Des interdictions progressives
Dans sa version initiale, l’article 1er prévoyait une interdiction générale et sans mesure transitoire des PFAS sur le sol français. Lors de l’examen en commission, celle-ci a été largement nuancée, avec une prohibition en deux temps : à partir de 2026 pour quatre types de produits : les emballages alimentaires, les cosmétiques, les produits de fartage et les textiles. Et enfin, à partir de 2030 pour l’ensemble des autres usages. Les produits présentant des taux de concentration « résiduels » échappent à l’interdiction.
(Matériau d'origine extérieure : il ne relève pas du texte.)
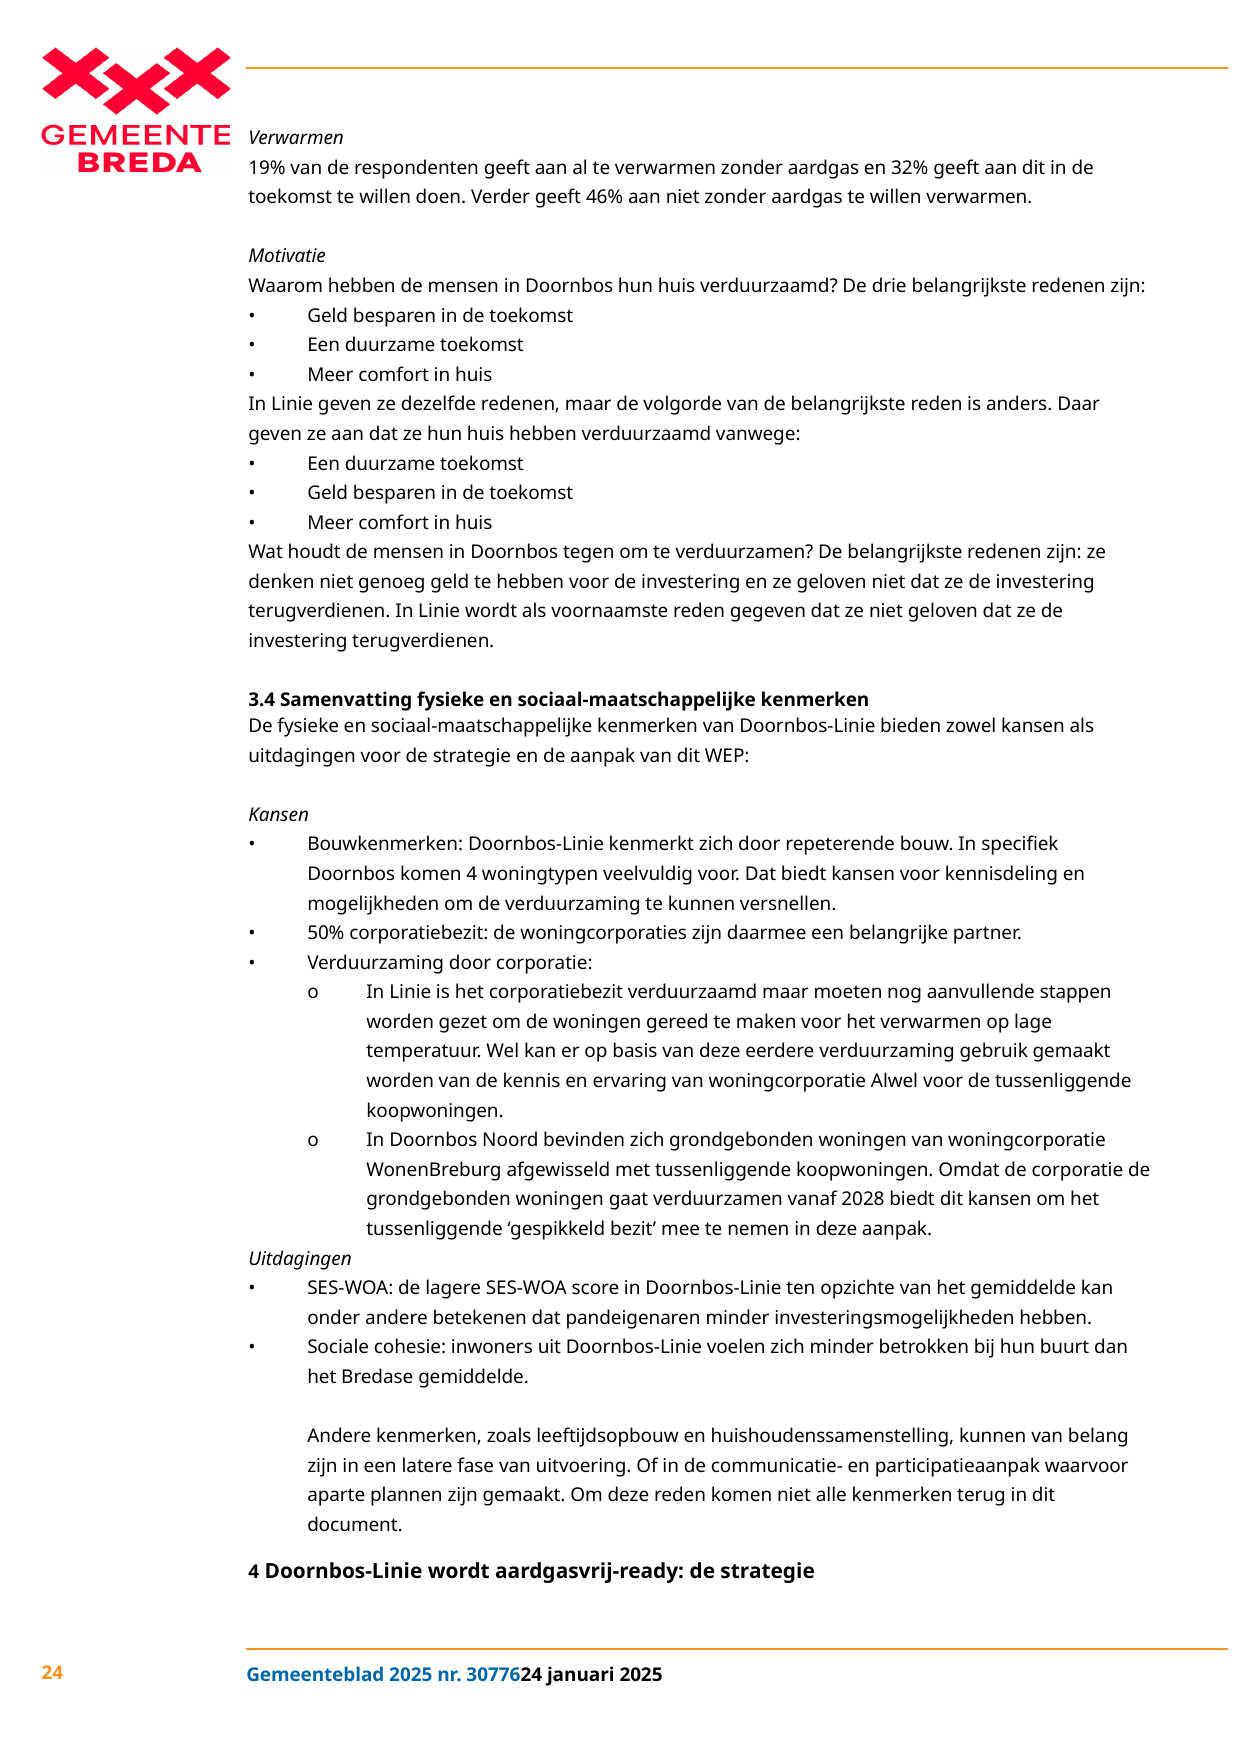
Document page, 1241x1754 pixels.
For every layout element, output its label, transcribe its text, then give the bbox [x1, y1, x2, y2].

Plusieurs exceptions ont aussi été apportées pour les textiles, lorsqu’ils concernent des usages stratégiques, notamment dans le domaine militaire, ou industriels. (...)
La gauche a également échoué à faire élargir l’interdiction des PFAS aux mousses anti-incendie, une demande des pompiers. Christophe Béchu a rappelé qu’un tel projet d’interdiction était déjà sur la table au niveau européen.
La nécessité d’un cadre européen
Pour le rapporteur, ce texte permet, « à quelques jours des élections, d’envoyer un signal fort aux instances européennes. » Une référence à l’initiative lancée par cinq pays européens qui vise à construire une démarche de restriction des PFAS au niveau communautaire. Pourtant, c’est au nom de cette même initiative que le gouvernement a marqué un certain scepticisme face à la proposition de loi, jugeant préférable d’attendre la mise en place d’un cadre européen avant de légiférer. (...)
Sur le principe du « pollueur-payeur », la proposition de loi instaure une taxe sur les industries dont les activités entraînent un rejet de polluants éternels dans l’environnement. Par ailleurs, dans la foulée du scandale des eaux contaminées du groupe Nestlé Waters, le contrôle sanitaire de la qualité des eaux potables inclura désormais un contrôle des PFAS.
Les élus ont également acté la création d’une carte numérique des sites émettant ou ayant pu émettre des polluants éternels. En revanche, l’idée de lister les communes les plus exposées avait été retoquée dès l’examen en commission, afin d’éviter toute stigmatisation.
Pour le sénateur PS Hervé Gillé, le texte modifié « est moins ambitieux » que celui voté à l’Assemblée nationale. Plusieurs dispositions sont renvoyées à l’application de décrets, notamment en ce qui concerne la liste des molécules interdites et les seuils de concentration tolérés, « ce qui nuit à la transparence et à la bonne lisibilité de la loi », a regretté l’élu.
La proposition de loi, telle que modifiée par le Sénat, doit désormais repasser devant les députés pour une seconde lecture. « Les écologistes seront mobilisés pour que le processus législatif aille jusqu’au bout », a promis la sénatrice Anne Souyris.